Stored data entries
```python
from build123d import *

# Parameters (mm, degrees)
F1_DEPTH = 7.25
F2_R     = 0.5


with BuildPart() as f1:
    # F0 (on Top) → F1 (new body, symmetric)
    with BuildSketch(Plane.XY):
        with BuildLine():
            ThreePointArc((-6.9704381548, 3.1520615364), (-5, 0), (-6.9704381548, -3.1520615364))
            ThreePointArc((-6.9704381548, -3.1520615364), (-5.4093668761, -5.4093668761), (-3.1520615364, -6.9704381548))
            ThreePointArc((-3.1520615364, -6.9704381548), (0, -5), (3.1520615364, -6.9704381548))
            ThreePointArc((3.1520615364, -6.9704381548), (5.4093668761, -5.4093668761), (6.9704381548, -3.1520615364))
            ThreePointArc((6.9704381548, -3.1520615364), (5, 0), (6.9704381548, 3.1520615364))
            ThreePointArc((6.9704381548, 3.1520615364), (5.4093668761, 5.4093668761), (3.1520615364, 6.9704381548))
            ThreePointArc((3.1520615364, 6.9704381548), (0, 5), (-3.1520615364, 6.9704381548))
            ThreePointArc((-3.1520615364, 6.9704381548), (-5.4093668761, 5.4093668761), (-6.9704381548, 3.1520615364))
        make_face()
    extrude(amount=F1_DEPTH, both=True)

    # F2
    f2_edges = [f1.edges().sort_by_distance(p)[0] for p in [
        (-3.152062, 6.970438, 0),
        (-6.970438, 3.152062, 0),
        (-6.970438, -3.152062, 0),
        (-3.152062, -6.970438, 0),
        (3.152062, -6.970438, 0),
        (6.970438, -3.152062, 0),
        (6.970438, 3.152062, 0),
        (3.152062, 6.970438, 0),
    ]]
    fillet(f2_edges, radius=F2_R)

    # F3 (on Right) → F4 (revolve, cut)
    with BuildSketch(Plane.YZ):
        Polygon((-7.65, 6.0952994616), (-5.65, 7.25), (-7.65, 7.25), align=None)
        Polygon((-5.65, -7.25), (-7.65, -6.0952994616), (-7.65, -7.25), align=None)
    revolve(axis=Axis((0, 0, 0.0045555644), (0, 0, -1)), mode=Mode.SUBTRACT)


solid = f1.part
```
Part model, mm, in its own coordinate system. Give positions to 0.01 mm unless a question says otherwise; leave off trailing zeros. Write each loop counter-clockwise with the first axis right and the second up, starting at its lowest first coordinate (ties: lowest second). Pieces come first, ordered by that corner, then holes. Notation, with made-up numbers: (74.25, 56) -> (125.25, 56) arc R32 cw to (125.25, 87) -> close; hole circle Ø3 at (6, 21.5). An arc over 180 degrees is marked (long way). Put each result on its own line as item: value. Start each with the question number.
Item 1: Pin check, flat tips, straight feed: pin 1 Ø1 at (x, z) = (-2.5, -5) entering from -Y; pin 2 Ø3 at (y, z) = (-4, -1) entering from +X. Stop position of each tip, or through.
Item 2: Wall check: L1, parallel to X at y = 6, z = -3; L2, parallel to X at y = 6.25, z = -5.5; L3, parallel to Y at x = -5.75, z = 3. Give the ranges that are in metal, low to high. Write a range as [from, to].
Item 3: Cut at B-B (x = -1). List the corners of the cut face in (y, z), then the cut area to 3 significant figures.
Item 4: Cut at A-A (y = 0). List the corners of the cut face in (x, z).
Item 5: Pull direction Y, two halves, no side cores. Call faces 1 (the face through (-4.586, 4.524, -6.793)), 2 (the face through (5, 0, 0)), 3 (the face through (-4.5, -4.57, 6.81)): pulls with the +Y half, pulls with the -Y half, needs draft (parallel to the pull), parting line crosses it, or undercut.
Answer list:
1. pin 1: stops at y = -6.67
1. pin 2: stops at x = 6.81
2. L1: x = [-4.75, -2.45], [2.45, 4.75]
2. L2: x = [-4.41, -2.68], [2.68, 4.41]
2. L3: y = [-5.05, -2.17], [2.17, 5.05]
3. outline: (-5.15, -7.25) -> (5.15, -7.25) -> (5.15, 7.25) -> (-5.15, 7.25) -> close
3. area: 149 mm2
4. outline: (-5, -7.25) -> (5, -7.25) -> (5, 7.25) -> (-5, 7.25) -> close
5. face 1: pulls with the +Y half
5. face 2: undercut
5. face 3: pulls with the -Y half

==

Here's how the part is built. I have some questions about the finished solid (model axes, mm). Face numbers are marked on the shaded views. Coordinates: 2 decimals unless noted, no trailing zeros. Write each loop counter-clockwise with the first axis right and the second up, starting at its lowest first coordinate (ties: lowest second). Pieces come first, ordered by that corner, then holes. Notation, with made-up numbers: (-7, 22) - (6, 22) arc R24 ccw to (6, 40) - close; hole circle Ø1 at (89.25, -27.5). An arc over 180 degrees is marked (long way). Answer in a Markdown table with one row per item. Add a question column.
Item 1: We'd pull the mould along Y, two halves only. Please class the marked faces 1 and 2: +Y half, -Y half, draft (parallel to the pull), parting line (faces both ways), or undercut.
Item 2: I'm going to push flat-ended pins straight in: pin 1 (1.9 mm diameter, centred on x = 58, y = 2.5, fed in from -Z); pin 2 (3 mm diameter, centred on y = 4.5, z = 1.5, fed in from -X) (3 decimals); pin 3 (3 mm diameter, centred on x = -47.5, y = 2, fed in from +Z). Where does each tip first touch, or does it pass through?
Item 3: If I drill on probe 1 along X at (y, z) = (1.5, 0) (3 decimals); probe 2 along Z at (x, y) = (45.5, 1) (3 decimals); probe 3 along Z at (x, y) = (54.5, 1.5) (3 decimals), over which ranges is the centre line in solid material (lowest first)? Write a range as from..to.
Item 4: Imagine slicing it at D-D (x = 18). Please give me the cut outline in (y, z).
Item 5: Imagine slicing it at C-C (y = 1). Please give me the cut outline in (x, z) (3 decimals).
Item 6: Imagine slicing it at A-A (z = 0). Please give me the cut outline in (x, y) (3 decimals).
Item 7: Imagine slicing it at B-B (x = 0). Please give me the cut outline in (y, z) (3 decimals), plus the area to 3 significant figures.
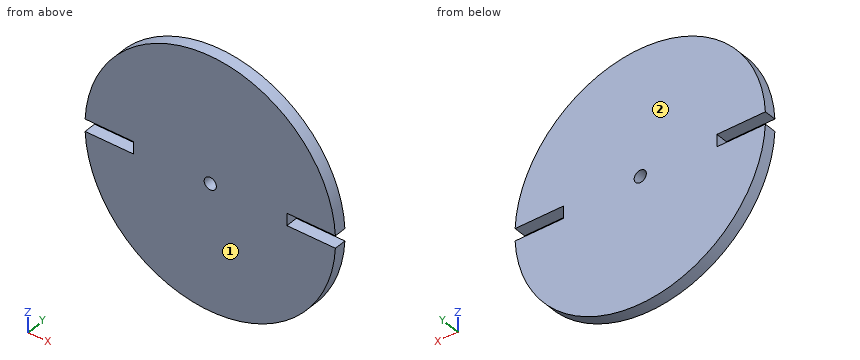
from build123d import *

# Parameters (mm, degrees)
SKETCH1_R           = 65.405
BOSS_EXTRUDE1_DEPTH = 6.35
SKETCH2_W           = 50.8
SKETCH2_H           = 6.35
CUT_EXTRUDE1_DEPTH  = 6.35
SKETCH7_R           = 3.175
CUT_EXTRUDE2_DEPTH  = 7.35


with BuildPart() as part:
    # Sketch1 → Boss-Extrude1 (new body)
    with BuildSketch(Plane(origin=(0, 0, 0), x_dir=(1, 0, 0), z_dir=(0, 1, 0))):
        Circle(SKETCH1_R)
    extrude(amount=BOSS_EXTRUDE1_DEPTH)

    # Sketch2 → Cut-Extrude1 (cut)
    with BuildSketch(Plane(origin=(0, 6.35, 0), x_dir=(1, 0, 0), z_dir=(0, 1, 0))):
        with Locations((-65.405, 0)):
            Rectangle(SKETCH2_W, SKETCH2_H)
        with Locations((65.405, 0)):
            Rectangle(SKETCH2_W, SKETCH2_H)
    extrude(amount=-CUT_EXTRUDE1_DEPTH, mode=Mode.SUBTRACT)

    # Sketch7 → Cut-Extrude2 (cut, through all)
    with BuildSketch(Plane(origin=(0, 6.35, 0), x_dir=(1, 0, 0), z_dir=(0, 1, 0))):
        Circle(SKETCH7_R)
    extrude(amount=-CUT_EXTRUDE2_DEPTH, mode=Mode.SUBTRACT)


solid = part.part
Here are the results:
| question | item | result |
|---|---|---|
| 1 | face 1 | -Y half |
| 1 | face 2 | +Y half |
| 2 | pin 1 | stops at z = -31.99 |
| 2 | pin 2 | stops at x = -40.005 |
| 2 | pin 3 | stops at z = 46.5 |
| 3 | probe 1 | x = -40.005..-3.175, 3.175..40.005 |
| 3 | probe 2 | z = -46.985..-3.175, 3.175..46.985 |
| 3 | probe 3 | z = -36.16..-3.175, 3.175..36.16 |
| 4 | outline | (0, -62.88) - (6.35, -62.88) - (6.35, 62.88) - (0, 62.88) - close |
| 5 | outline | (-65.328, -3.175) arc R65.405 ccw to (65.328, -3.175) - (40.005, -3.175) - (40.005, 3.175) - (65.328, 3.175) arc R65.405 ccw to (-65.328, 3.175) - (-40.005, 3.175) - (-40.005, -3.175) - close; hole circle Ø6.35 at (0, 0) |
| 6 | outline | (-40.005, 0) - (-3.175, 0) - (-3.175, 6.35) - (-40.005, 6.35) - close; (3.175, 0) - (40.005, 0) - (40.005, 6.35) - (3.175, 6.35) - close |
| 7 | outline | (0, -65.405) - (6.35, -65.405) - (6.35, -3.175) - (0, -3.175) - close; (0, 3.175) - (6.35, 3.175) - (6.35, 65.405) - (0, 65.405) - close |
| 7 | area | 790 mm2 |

==

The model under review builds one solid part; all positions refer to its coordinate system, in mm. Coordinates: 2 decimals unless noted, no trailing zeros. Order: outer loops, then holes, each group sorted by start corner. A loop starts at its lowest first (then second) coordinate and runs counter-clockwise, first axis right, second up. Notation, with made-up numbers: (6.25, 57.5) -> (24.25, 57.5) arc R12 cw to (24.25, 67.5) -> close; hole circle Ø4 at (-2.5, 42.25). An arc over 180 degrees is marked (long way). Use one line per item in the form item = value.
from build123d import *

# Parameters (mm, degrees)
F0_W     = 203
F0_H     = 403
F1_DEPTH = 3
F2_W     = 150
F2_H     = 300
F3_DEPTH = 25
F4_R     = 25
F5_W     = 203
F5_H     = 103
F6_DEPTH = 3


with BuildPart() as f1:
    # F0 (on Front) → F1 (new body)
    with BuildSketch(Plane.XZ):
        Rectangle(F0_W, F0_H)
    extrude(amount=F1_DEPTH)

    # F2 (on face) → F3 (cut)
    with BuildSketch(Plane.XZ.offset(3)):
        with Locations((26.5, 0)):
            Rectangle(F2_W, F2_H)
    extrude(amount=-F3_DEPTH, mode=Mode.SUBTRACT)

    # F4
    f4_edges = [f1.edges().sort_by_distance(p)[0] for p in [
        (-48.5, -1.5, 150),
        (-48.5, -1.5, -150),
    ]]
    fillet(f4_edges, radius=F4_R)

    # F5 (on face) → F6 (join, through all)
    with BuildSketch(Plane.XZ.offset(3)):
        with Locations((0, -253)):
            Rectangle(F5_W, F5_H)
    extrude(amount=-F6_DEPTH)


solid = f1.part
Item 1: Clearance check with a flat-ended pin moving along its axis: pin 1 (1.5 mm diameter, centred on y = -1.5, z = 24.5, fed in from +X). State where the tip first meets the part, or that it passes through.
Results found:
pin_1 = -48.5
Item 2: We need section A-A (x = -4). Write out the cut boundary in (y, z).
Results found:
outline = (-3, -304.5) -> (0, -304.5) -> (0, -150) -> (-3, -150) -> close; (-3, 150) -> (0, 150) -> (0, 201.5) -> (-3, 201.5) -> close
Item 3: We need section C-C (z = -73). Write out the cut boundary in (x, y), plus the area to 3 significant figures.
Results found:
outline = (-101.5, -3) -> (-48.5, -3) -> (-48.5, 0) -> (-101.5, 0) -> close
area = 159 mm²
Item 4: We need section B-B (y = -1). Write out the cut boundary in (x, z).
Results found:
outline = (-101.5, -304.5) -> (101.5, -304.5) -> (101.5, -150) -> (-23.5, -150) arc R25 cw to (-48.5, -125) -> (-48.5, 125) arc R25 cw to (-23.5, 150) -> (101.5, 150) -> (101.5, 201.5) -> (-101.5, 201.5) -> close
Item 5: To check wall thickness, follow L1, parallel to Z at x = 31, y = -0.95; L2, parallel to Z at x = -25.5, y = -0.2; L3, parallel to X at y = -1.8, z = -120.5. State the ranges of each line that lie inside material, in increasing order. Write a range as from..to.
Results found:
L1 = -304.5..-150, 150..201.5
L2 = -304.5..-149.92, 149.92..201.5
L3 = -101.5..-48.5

* _Exercise objective_
Nothing but the lines above from the one containing "BOSS_EXTRUDE1_DEPTH = 6.35" through the one containing "Circle(SKETCH1_R)" should appear in the answer, each repeated exactly.

* _Task output_
BOSS_EXTRUDE1_DEPTH = 6.35
SKETCH2_W           = 50.8
SKETCH2_H           = 6.35
CUT_EXTRUDE1_DEPTH  = 6.35
SKETCH7_R           = 3.175
CUT_EXTRUDE2_DEPTH  = 7.35


with BuildPart() as part:
    # Sketch1 → Boss-Extrude1 (new body)
    with BuildSketch(Plane(origin=(0, 0, 0), x_dir=(1, 0, 0), z_dir=(0, 1, 0))):
        Circle(SKETCH1_R)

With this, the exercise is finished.